Models
Introduction – Language Models in the Context of AI Agents
Language models form the foundation of an AI agent’s intelligence. They act as the “brain” that processes text, interprets questions, understands context, and generates coherent responses. These models are trained on large amounts of data to learn patterns of human language and apply them to problem-solving, content generation, and automated decision-making.
In Skyone Studio, selecting the right language model is a strategic step. It determines the quality of responses, processing speed, depth of analysis, and even the operational cost. Different models have different capabilities — some are faster and more cost-efficient, while others are more advanced and contextually accurate.
Every agent, Skill, or workflow configuration depends directly on the choice of an appropriate model.
Model Types
Language Model Categories in Skyone Studio
Currently, Skyone Studio operates with two categories of language models (LLMs): Embedded (native) and Integrated. Each has distinct characteristics and modes of operation.
1. Embedded (Native)
Embedded models — such as GPT-OSS, Llama 3.2, Llama 3.2 Vision, Gemma, and Granite — are provided and maintained by Skyone.
They are downloaded and executed directly within Skyone Studio’s internal environments, using local processing resources and operating within a private data network.
These models are already available in the system, cannot be edited or removed, and are used directly by clients when running agents.
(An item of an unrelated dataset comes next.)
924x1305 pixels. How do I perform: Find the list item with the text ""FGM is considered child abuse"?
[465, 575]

This model type is ideal for environments that require greater control, security, and confidentiality, since all processing occurs within Skyone’s internal infrastructure, without relying on external connections.
2. Integrated
Integrated LLMs allow clients to connect solutions from external providers (such as OpenAI, Anthropic, and others) to Skyone Studio.
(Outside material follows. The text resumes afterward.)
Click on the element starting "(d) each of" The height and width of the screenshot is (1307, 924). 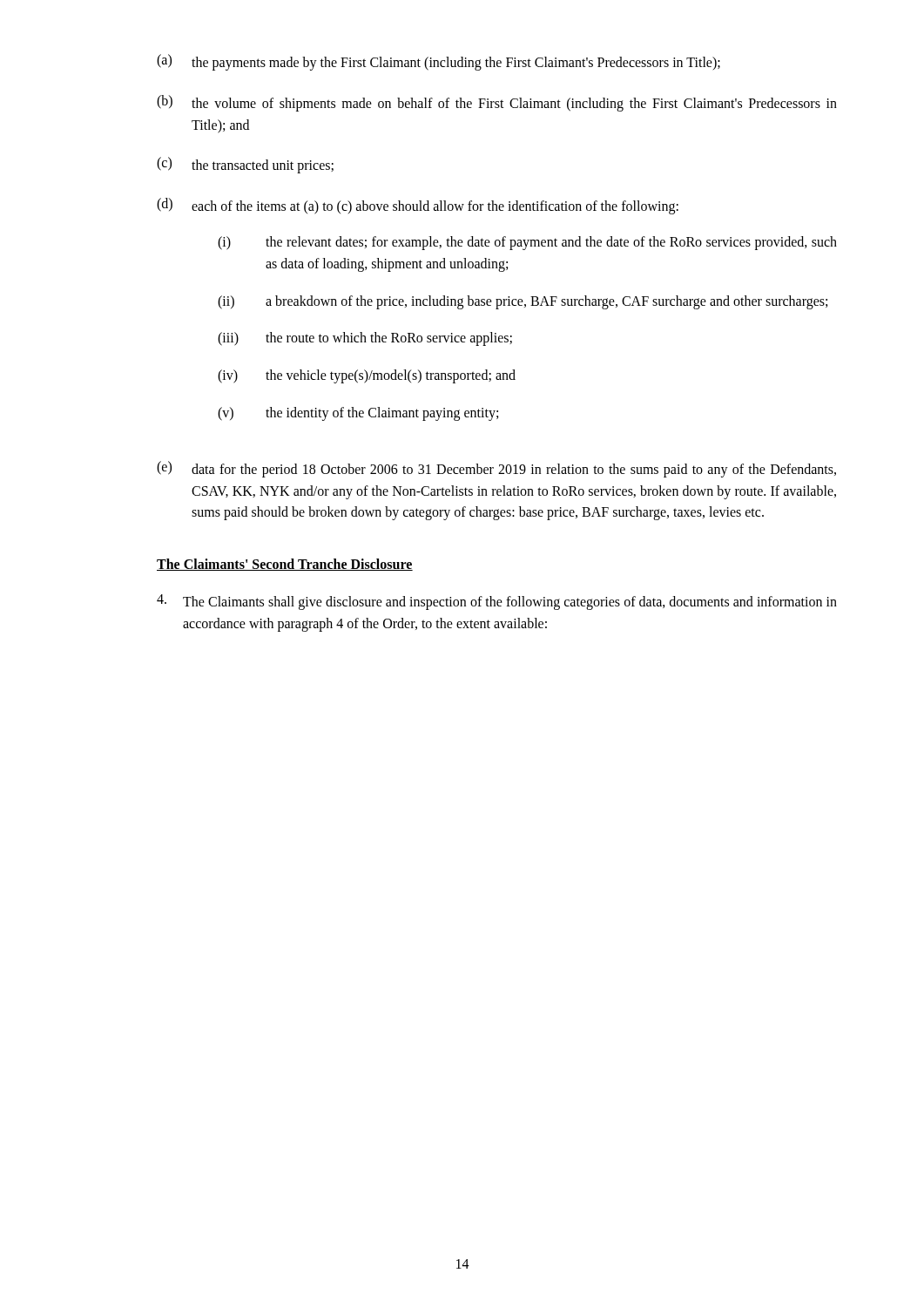497,318

To do this, the client must:
Create an account on the provider’s platform;
Generate an AppKey (access key);
Register the key in Skyone Studio.
These models can be configured in two ways:
OpenAI: by providing only the AppKey;
Custom: by providing the AppKey or the external model’s URL.
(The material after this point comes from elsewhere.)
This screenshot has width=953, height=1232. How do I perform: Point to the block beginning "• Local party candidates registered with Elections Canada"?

Skyone Studio offers an integration interface that enables the use of public LLMs, either with the client’s own token or with Skyone’s token.
This category is ideal for those who want to access more advanced, up-to-date, or specialized models without maintaining the entire infrastructure locally.

Key Differences Between Language Models
Context Window Capacity:
Determines how much information the model can “remember” and consider during an interaction.
Models with larger context windows can understand longer and more complex conversations.
Accuracy and Sophistication:
More advanced models typically generate responses that are more natural and contextually accurate.
Smaller models are faster and more cost-efficient but may have limitations in handling complex interactions.
Usage Cost:
More powerful models tend to have higher processing costs.
Choosing the right model helps balance quality and investment.
Response Speed:
Smaller models respond faster, making them ideal for simple interactions.
Larger models may respond more slowly but provide deeper, more detailed outputs.
Embedded Models Available in Skyone Studio
Currently, Skyone Studio provides the following embedded models:
Gemma – A Google DeepMind model known for efficiency, security, and scalability.
GPT OSS – A robust model with high processing capacity and strong textual accuracy.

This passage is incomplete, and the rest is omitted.